If we accept that a higher response time, plus a zero length disk queue means that we have an issue with a driver on the VM or a problem with diskspd. It would be nice to say that if this was true, the opposite would also be true but as we have seen with the 3000-millisecond spike, we could have an item in the queue being held up by a driver so even with a high queue, it doesn’t point conclusively to Azure.
If we do look for high queues and high response times, I don’t see this in many cases, certainly not the fairly regular 500-millisecond spikes but I do see a few spikes around 300 milliseconds, take a look at this:
Here we see that the average disk transfer increases, the disk queue increases to the limit that diskspd has, so diskspd is able to issue all the requests it needs to, this happens for a little while and then everything snaps back into life. If we take a detailed look at the requests in that time we can see that there are only a few outliers in that time, most requests complete quickly, just a couple are held up which blows the average.

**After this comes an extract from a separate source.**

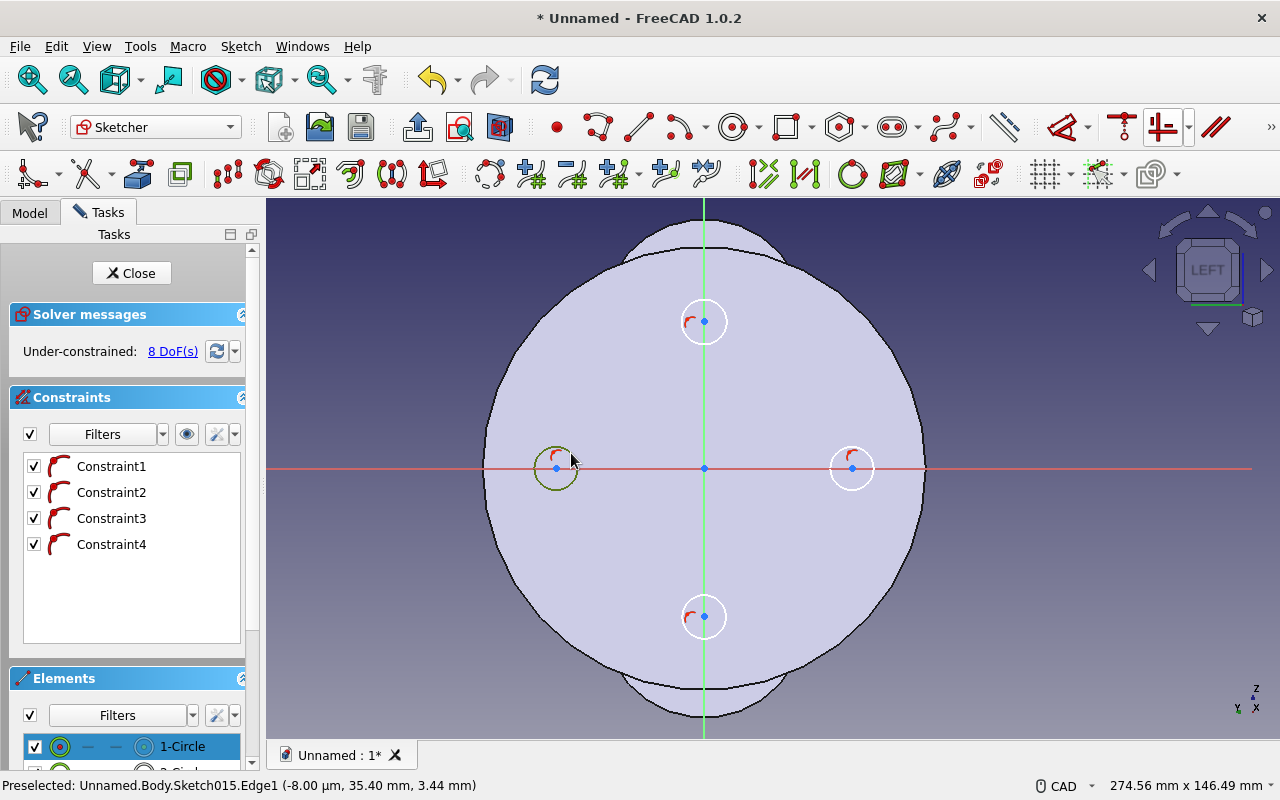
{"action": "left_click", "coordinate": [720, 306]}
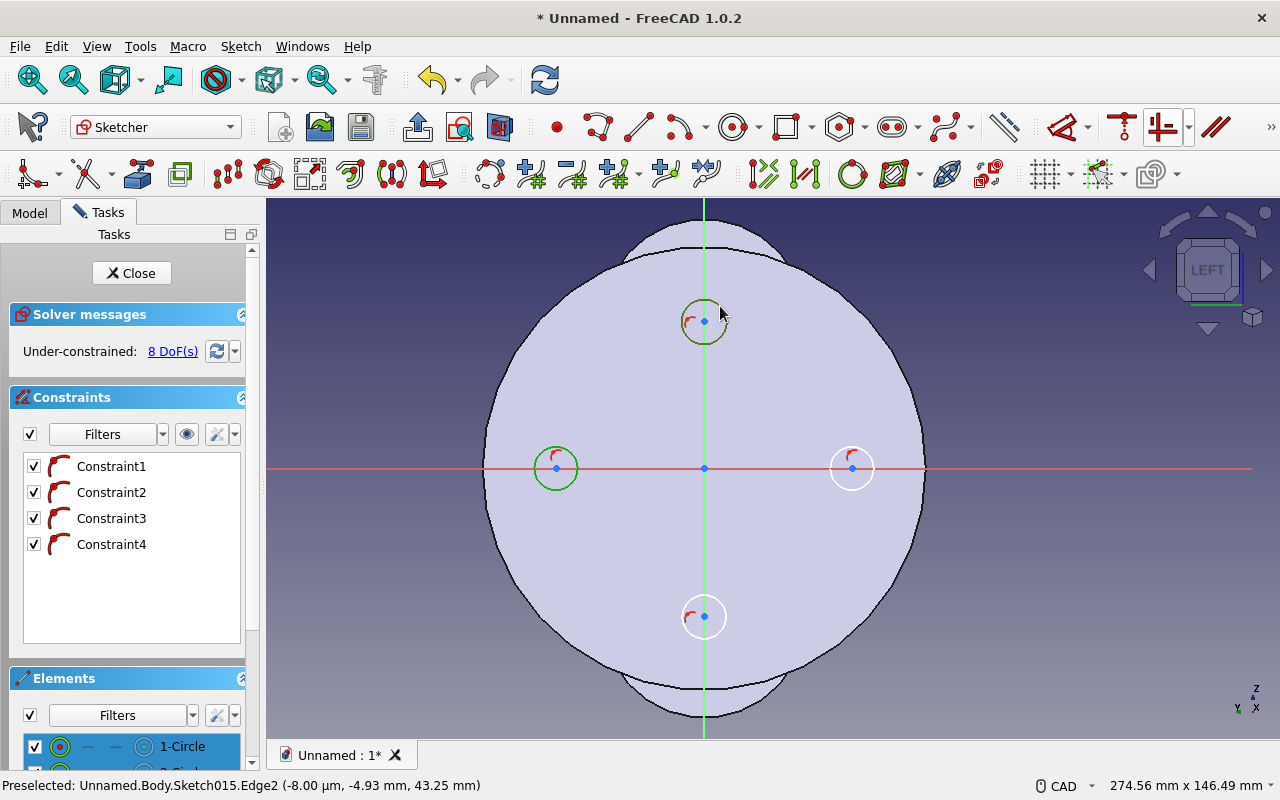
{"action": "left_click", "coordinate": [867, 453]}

So, in summary, was perfmon accurate and how consistent were the IO requests over the Azure infrastructure to the premium managed disk?
Is perfmon accurate?
Not really, the averages were actually between around 2.8 milliseconds and 7.2 milliseconds whereas perfmon reports the average around 5-6 milliseconds.
How consistent were the IO requests?
From the Azure infrastructure point of view, they were pretty consistent, there are quite a few issues with running Windows in a VM in Azure if you care about consistent performance such as disabled anti-virus software causing you 3000-millisecond delays and fairly regular 500-millisecond delays. Apart from the odd 300-millisecond delay which could potentially be down to the Azure infrastructure, I would say it was pretty reliable.
Out of a total of 9,935,896 requests, 9,501,714 finished in less than 8 milliseconds, that is 96% of requests in less than 8 milliseconds and by rights that number should be higher as we know that the tail end of the requests were not caused by the Azure infrastructure but by the drivers and software on the VM.
What would I do next time?
I think that tracing for 60 seconds misses lots, tracing for 24 hours didn’t really capture anything that tracing for 60 minutes didn’t capture.
From now on my tests will be around an hour and I will uninstall anti-virus.
I am particularly excited by the news that azure have a new ssd offering that includes sub-millisecond latency and I will be testing with that when it is available. I would also like to see if I can get a stripped back windows, possibly nano running where I can see if I can smooth those peaks to see if we can make the disk access more reliable.